Giving your car photography a sense of speed doesn’t have to be difficult or dangerous. In this easy-to-follow car photography tutorial we show you how to use a ‘bolt-on’ technique get dramatic photos with blurred backgrounds.
Creating a sense of action in your car photography doesn’t always mean driving vehicles at speed. With a little ingenuity and some simple techniques you can create the illusion of speed with the car travelling at walking pace.
This technique, known as a ‘bolt-on’, involves attaching the camera to the car and then using a long shutter speed to blur the background so that it looks like the car is travelling at speed. But even shooting at low speeds a bolt-on takes preparation and planning and a few pieces of kit.

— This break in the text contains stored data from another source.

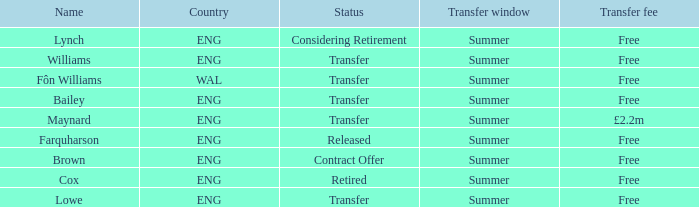What is the designation of the no-cost transfer fee with a transfer situation and an eng territory? Bailey, Williams, Lowe. 
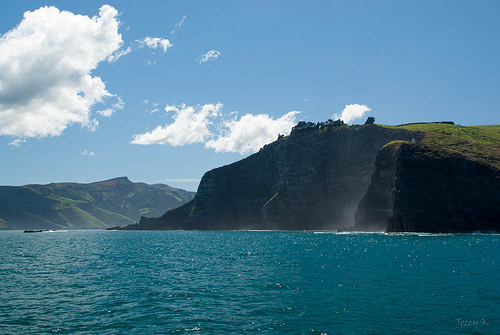<image>
Can you confirm if the water is behind the rock? No. The water is not behind the rock. From this viewpoint, the water appears to be positioned elsewhere in the scene. Is there a cliff above the ocean? No. The cliff is not positioned above the ocean. The vertical arrangement shows a different relationship. 
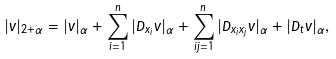Convert formula to latex. <formula><loc_0><loc_0><loc_500><loc_500>| v | _ { 2 + \alpha } = | v | _ { \alpha } + \sum _ { i = 1 } ^ { n } | D _ { x _ { i } } v | _ { \alpha } + \sum _ { i j = 1 } ^ { n } | D _ { x _ { i } x _ { j } } v | _ { \alpha } + | D _ { t } v | _ { \alpha } ,</formula> 
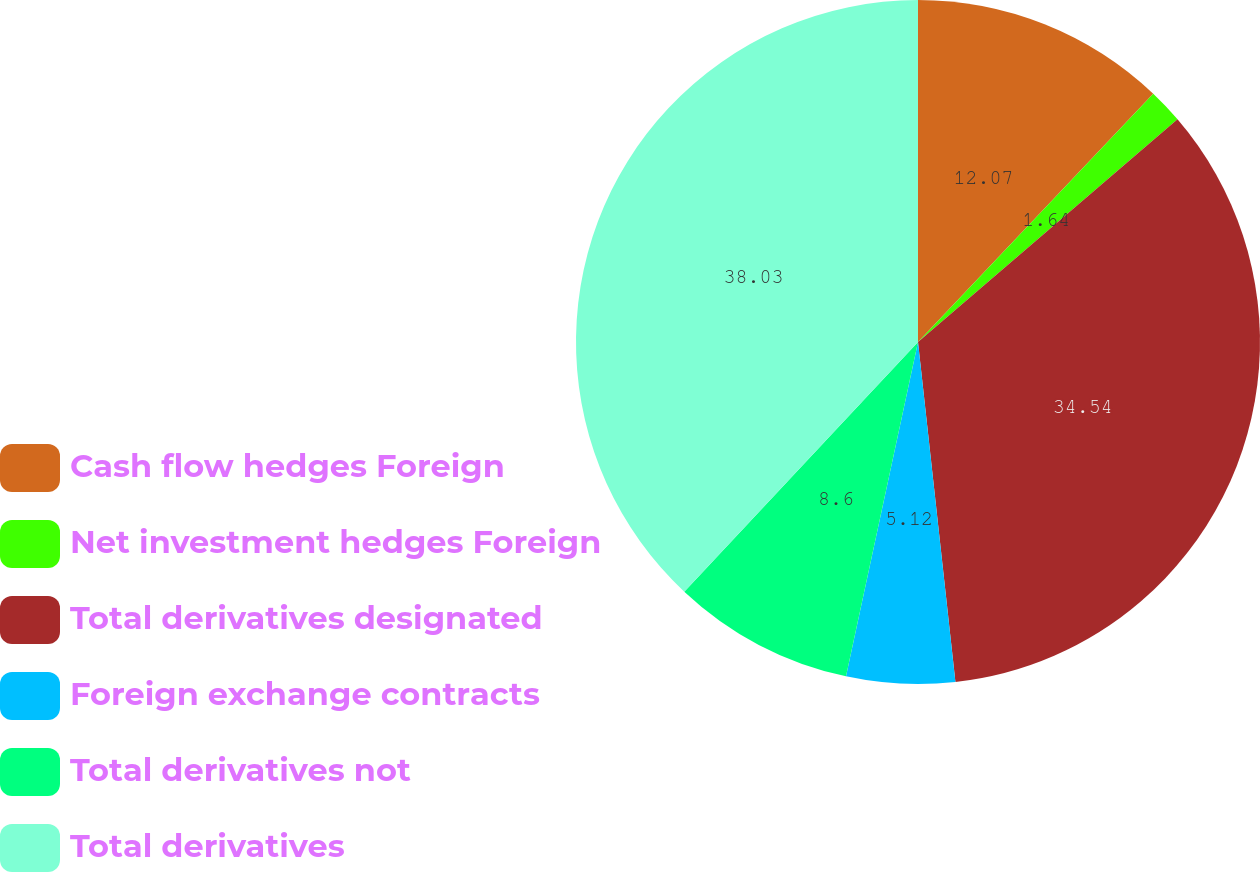<chart> <loc_0><loc_0><loc_500><loc_500><pie_chart><fcel>Cash flow hedges Foreign<fcel>Net investment hedges Foreign<fcel>Total derivatives designated<fcel>Foreign exchange contracts<fcel>Total derivatives not<fcel>Total derivatives<nl><fcel>12.07%<fcel>1.64%<fcel>34.54%<fcel>5.12%<fcel>8.6%<fcel>38.02%<nl></chart>

The first task is to find a safe location to take your shots. You’ll need a location where there aren’t any other vehicles, such as a dead-end road.
You’ll also need a smooth surface, as any bumps will cause the camera to move, creating the wrong sort of blur. Some objects fairly close to the car will create the right sort of blur and give a sense of speed.
Once you’ve found a location you need to attach the camera to the car. Professional car photographers often use Manfrotto suction cups, along with clamps, to attach a tripod to the car.
This arrangement is cumbersome, so the safest way to do this for the first time is to use a dedicated mount such as the Delkin Fat Gecko. This will mount the camera around 30cm from the car, so you’ll need to use a wide-angle lens to include as much of the car as possible.
How to add dramatic background blur to your car photography
01 Find a location
To shoot a moving car you need a safe location where there won’t be any other traffic, a smooth surface for the car to run on, and some objects close to the car to give a real impression of speed when you blur them. We’ve got permission to shoot in this car park at a quiet time.
02 Exposure and composition
You’ll need to use a shutter speed of between one and three seconds to get plenty of blur, so before attaching it to the car, hold the camera roughly in position and check the exposure. If it’s too bright you will need to attach an ND filter to the lens to reduce the exposure.
03 Attach the camera
The camera needs to be firmly attached to the car. Using a sucker mount such as the Delkin Fat Gecko means that you can do this and keep your Nikon safe without marking the car’s paintwork. Once the camera is attached, always double-check that it’s totally secure.
04 Attach a remote trigger
As you’re going to fire the camera from a distance you’ll need a remote trigger. You can get different sorts of remote triggers, and a radio one such as the Hähnel Combi TF is ideal as it will fire the camera from any position, unlike some infrared remotes.
05 Take your shots
Once you are happy with the set-up, get the driver to move the car slowly and smoothly while you fire the camera. Although you can trigger the camera from a distance, try to stay close to the car to keep a watch on the camera and mount for any movement or loss of suction.
06 Even more motion
Once you’ve got some straight shots, try different effects. You could set the camera at an angle in order to get a more dynamic composition. Also, if you have space around the car you can shoot when the car is turning to give a curved shape to the blurred background.
For any car shoot, the vehicle needs to be clean for the best results. Always take a basic cleaning kit of a microfibre cloth and some water.